# EXERCISE:
Search the listing below, and show each line that includes the word "code".

━━━ RECORD EXTRACTS ━━━

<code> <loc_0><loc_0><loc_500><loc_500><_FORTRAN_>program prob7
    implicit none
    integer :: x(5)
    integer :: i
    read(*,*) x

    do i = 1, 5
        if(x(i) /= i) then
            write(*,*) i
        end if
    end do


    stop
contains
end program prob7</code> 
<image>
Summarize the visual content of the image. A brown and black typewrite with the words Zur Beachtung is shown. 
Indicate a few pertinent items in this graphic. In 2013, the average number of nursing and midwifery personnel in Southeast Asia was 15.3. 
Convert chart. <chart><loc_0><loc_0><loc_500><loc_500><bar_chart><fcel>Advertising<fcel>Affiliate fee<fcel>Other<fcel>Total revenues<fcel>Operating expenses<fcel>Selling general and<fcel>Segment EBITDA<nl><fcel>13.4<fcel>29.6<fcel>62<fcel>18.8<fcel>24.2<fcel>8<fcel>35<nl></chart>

━━━
━━━ RECORD EXTRACTS ━━━

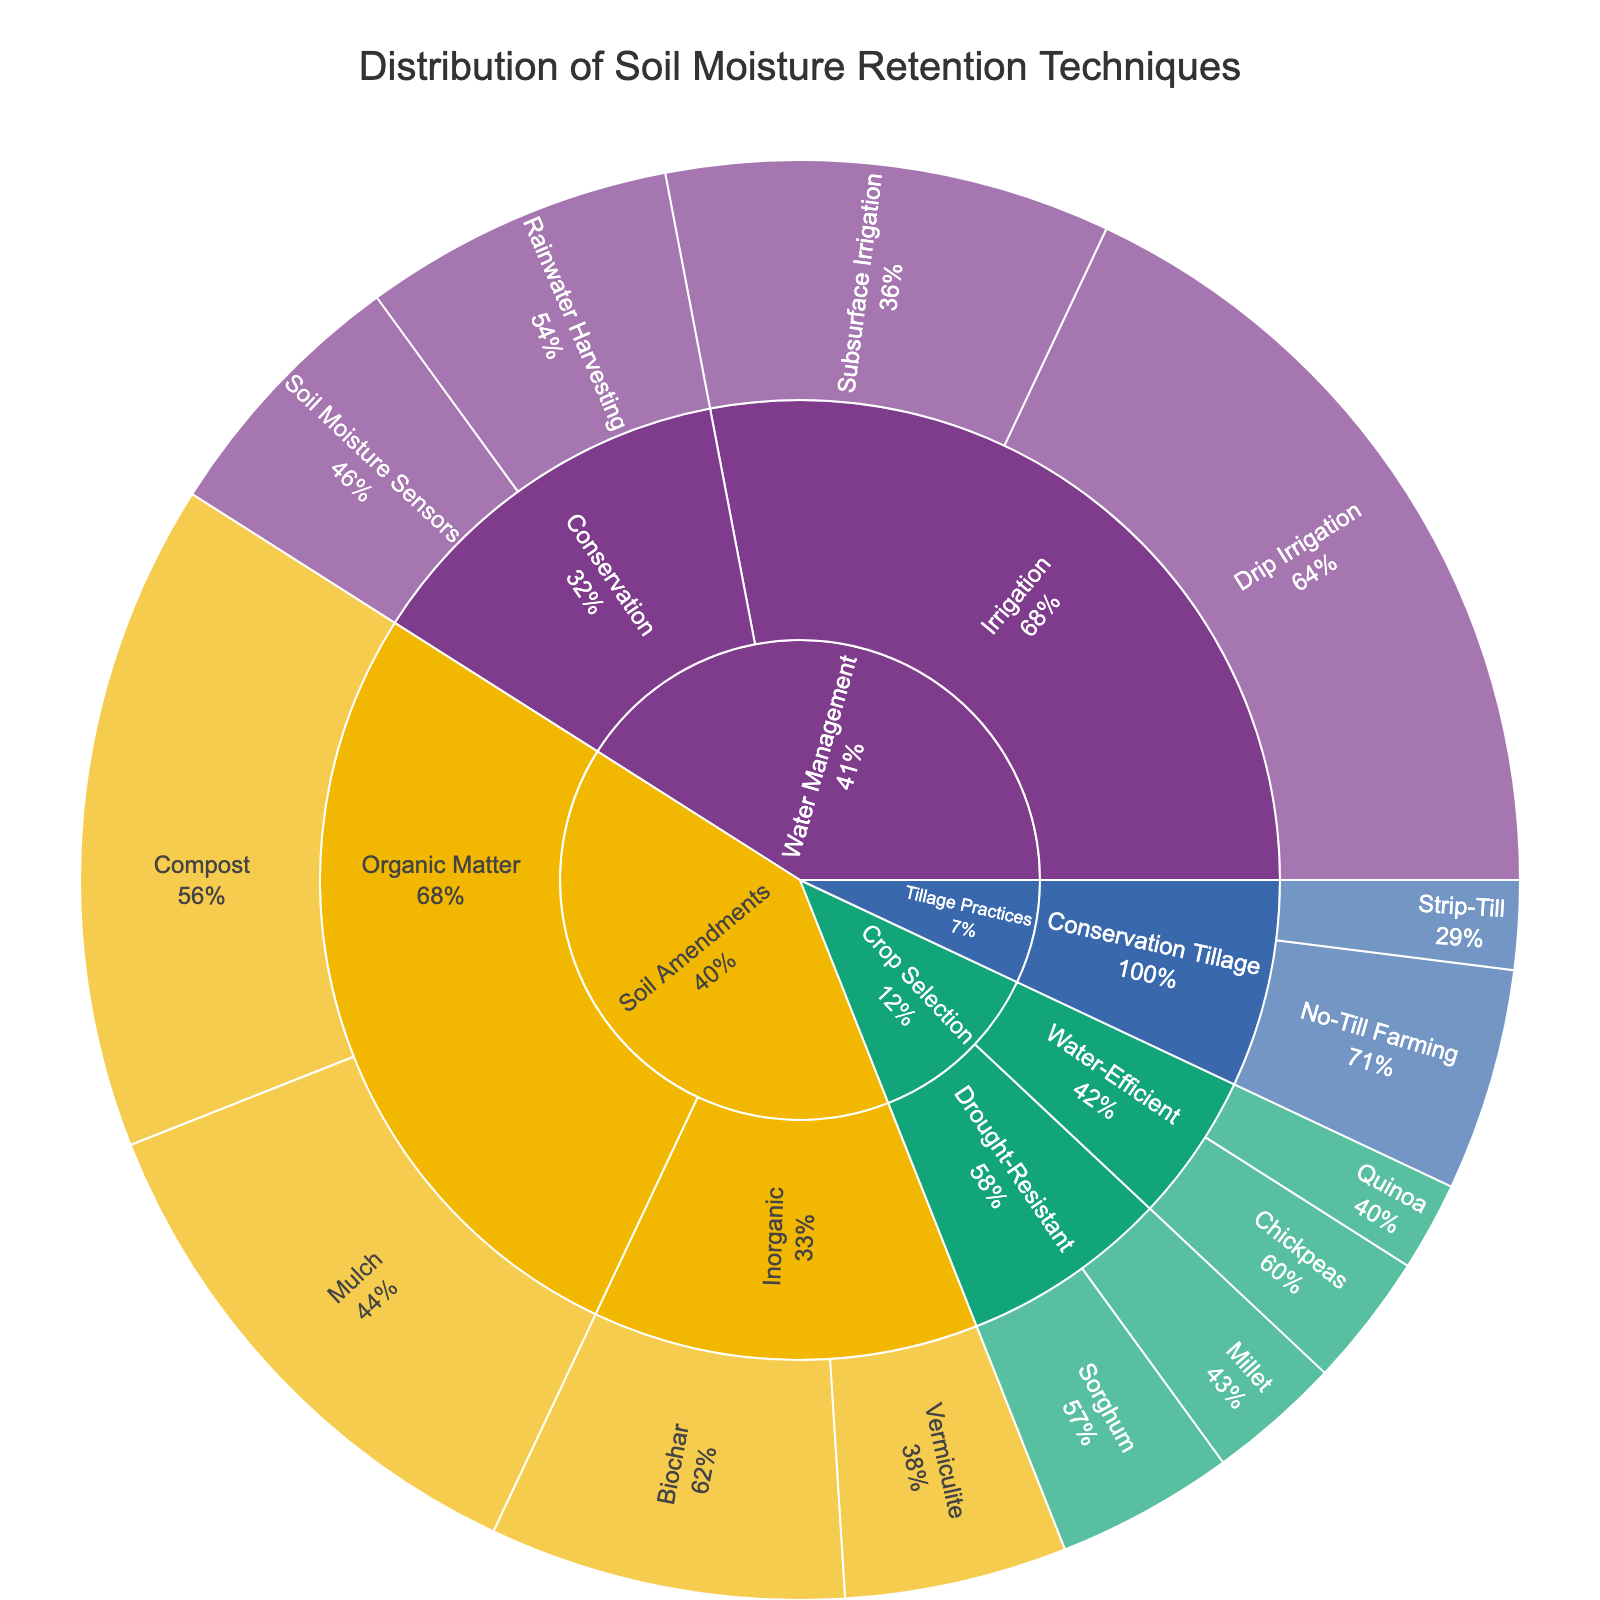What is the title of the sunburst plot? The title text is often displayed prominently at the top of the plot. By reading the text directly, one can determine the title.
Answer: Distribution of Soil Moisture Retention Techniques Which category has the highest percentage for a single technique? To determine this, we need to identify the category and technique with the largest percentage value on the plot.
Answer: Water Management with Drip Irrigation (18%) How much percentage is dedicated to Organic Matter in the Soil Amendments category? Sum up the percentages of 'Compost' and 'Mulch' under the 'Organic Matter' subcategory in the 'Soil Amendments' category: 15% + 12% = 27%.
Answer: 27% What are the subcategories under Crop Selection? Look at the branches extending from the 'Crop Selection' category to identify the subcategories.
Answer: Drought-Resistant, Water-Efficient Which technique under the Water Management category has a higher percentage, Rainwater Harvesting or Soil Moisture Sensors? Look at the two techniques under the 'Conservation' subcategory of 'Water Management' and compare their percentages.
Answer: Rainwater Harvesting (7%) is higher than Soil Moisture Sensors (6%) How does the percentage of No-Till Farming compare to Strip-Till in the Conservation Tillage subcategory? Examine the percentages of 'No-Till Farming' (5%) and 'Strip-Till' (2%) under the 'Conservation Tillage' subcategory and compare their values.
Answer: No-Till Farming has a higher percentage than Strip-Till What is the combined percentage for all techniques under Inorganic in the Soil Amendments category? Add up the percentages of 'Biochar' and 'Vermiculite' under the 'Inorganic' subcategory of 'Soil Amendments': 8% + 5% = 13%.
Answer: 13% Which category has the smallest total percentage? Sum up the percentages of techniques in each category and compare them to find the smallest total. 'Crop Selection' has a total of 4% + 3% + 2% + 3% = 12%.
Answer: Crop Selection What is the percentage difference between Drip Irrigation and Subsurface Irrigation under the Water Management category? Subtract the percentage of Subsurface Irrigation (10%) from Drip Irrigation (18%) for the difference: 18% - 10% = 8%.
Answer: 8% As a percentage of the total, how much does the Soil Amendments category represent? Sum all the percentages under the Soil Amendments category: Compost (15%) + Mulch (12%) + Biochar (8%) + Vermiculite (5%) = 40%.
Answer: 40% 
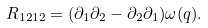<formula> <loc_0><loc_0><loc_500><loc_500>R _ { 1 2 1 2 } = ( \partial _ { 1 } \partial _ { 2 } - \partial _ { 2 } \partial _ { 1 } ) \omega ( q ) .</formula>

━━━

# TASK RESULT:
<code> <loc_0><loc_0><loc_500><loc_500><_FORTRAN_>program prob7
end program prob7</code> 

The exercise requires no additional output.